It's 8 January 1996, and time for another episode of Star Trek: Deep Space Nine.
With the Dominion seemingly set to invade Earth, and Starfleet officers guarding every street corner, Captain Sisko (Avery Brooks) becomes increasingly suspicious that all is not what it seems. When he learns that the cut to the Earth's power systems was caused not by changelings but by a team of Starfleet cadets, he realises that there is no Dominion invasion at all but instead a fast-approaching coup d'etat by one of the fleet's finest and most respected admirals.
There is something very slightly askew in "Paradise Lost" that stops the episode from ever reaching its potential. I do not think it is a single element, it is more as if a large number of very small errors and ill-advised choices have gently warped the whole episode out of alignment. Viewed from a distance and it seems perfectly competent and rather thrilling. Viewed up close and it never gels together. The concepts all work but the execution falters. It is still a more enjoyable episode than "Homefront", but there is so much that is squandered.
One of the biggest drawbacks is Robert Foxworth's weirdly leaden performance as Admiral Leyton. To an extent the episode rises and falls based on how much the audience believes in Leyton, and Foxworth does not manage to pull it off. He needs to be an idealist who actually believes that Starfleet assuming control of the Federation is the only solution to saving it from the Dominion, but instead he seems like a self-interested and ambitious despot. The episode's script does its best, putting Sisko and Leyton in a room together for much of the episode's second half, but Foxworth does not manage to draw out the sensibilities that the story needs.

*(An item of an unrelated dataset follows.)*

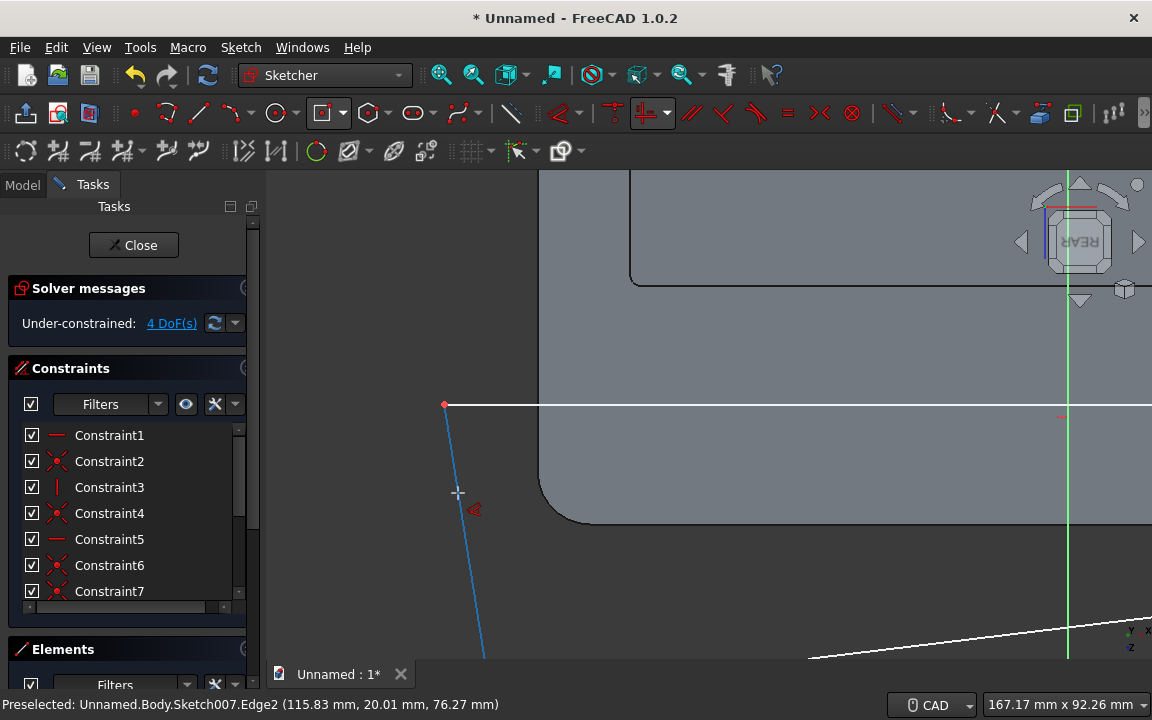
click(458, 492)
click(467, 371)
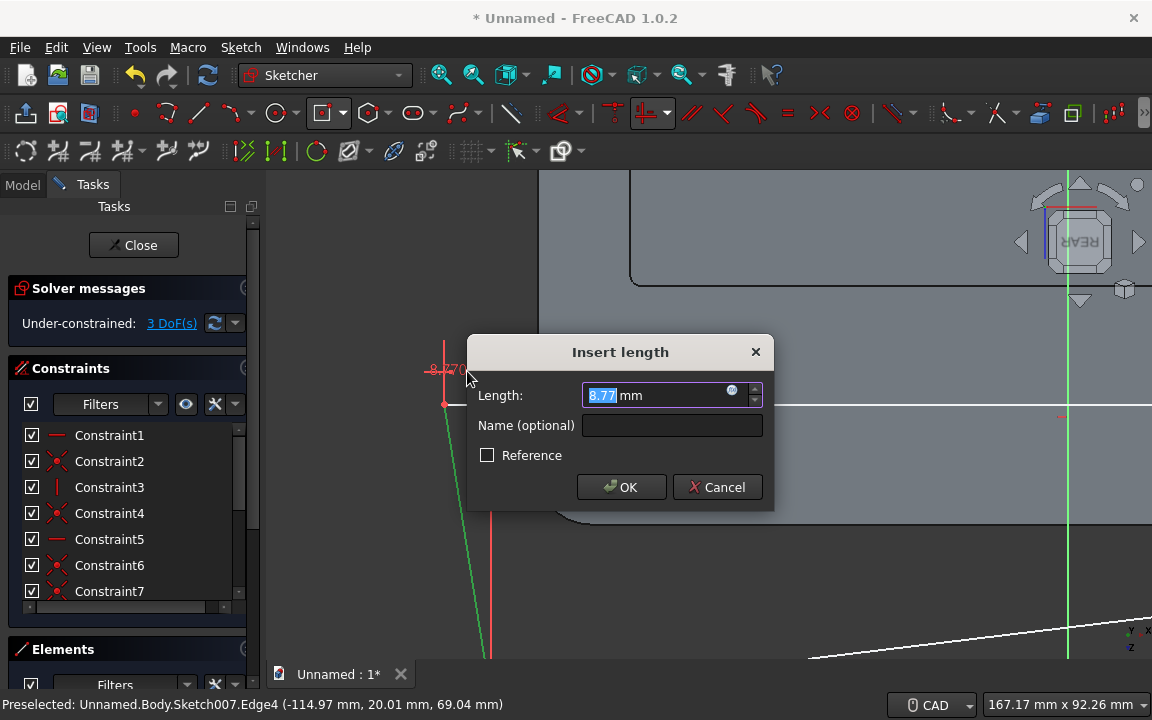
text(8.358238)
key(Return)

There is also an issue with scale; I am assuming as a result of a tight production budget. The Defiant arrives, under the command of Commander Worf (Michael Dorn), and is immediately challenged by the USS Lakota - which has been informed the Defiant is under the control of changelings. We see a bit of a dogfight between the two ships, but we don't see the fight's resolution. We assume Worf and the Lakota's captain (Susan Gibney) have talked things out, but we're denied the chance to actually see it happen. It also beggars belief that, with Earth on high alert and a Starfleet security officer on damn-near every street corner, there is only one Federation starship patrolling the entire solar system. As I said, it's probably a budgeting issue, but if you are going to tell this type of story you need to be able to afford more than an old Excelsior class model for your space scenes.
The episode boasts one genuine stand-out scene: Sisko is suddenly met on the street by Chief O'Brien (Colm Meaney) - except it's not O'Brien, rather a changeling come to chat with him and gloat. The revelation that there are only four changelings in hiding on the entire planet is a great one, and Meaney does an excellent job playing a smug, jovial antagonist. The problem is that the episode ends with those same four changelings presumably still on Earth, and no one seems too bothered to track them down.
The basic concept of "Paradise Lost" is great, and certainly it manages to push Sisko's dilemma to a believable point - "Homefront" struggled in that regard. The execution just seems let down by some weird choices in what to show and what to tell the audience about afterwards, and in some odd decisions in terms of casting and pace. It is an enjoyable enough episode, certainly much better than the first part of the story, but it's a pretty flawed piece of work. Still, it's the eighth enjoyable episode out of 11 so far in Season 4. The quality ratio rises to 73 per cent.